● **Exercise objective**:
Where an entry contains a picture, skip the picture and write out everything else exactly.

* * * * *

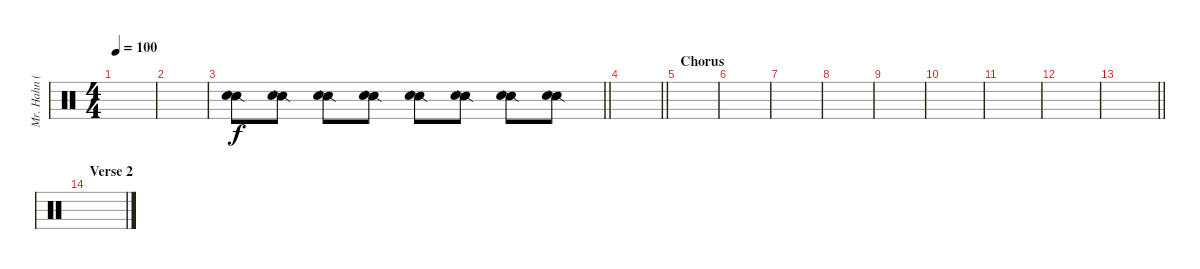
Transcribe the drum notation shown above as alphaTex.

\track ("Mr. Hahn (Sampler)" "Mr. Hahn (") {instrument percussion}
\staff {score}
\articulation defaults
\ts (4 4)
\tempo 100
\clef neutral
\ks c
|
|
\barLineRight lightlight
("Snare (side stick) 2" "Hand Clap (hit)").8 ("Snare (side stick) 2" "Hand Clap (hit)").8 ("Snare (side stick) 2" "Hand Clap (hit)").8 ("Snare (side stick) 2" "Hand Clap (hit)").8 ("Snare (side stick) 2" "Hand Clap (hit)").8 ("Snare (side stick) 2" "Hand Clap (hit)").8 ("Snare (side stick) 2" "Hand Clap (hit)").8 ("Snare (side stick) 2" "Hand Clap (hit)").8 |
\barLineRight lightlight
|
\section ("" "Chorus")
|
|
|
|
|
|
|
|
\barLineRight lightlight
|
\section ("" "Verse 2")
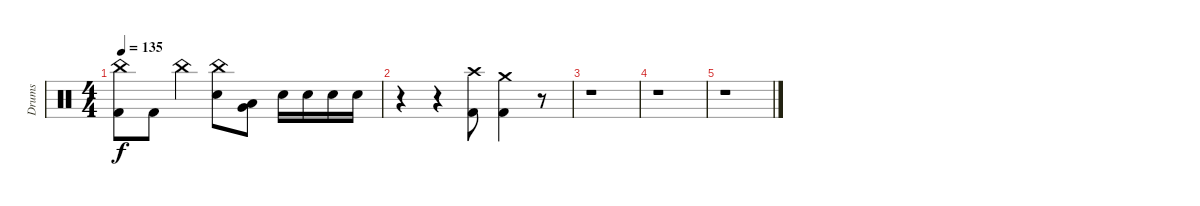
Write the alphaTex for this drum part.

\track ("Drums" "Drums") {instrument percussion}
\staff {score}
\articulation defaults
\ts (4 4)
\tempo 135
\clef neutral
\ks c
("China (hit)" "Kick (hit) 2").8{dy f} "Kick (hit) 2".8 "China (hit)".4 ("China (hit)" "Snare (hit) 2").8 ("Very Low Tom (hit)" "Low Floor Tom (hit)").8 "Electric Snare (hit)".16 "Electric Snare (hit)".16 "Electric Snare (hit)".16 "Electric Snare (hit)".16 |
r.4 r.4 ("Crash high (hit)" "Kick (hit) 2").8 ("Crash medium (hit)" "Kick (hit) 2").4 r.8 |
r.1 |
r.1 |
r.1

* * * * *

● **Response to the exercise**:
Transcribe the drum notation shown above as alphaTex.

\track ("Mr. Hahn (Sampler)" "Mr. Hahn (") {instrument percussion}
\staff {score}
\articulation defaults
\ts (4 4)
\tempo 100
\clef neutral
\ks c
|
|
\barLineRight lightlight
("Snare (side stick) 2" "Hand Clap (hit)").8 ("Snare (side stick) 2" "Hand Clap (hit)").8 ("Snare (side stick) 2" "Hand Clap (hit)").8 ("Snare (side stick) 2" "Hand Clap (hit)").8 ("Snare (side stick) 2" "Hand Clap (hit)").8 ("Snare (side stick) 2" "Hand Clap (hit)").8 ("Snare (side stick) 2" "Hand Clap (hit)").8 ("Snare (side stick) 2" "Hand Clap (hit)").8 |
\barLineRight lightlight
|
\section ("" "Chorus")
|
|
|
|
|
|
|
|
\barLineRight lightlight
|
\section ("" "Verse 2")
Write the alphaTex for this drum part.

\track ("Drums" "Drums") {instrument percussion}
\staff {score}
\articulation defaults
\ts (4 4)
\tempo 135
\clef neutral
\ks c
("China (hit)" "Kick (hit) 2").8{dy f} "Kick (hit) 2".8 "China (hit)".4 ("China (hit)" "Snare (hit) 2").8 ("Very Low Tom (hit)" "Low Floor Tom (hit)").8 "Electric Snare (hit)".16 "Electric Snare (hit)".16 "Electric Snare (hit)".16 "Electric Snare (hit)".16 |
r.4 r.4 ("Crash high (hit)" "Kick (hit) 2").8 ("Crash medium (hit)" "Kick (hit) 2").4 r.8 |
r.1 |
r.1 |
r.1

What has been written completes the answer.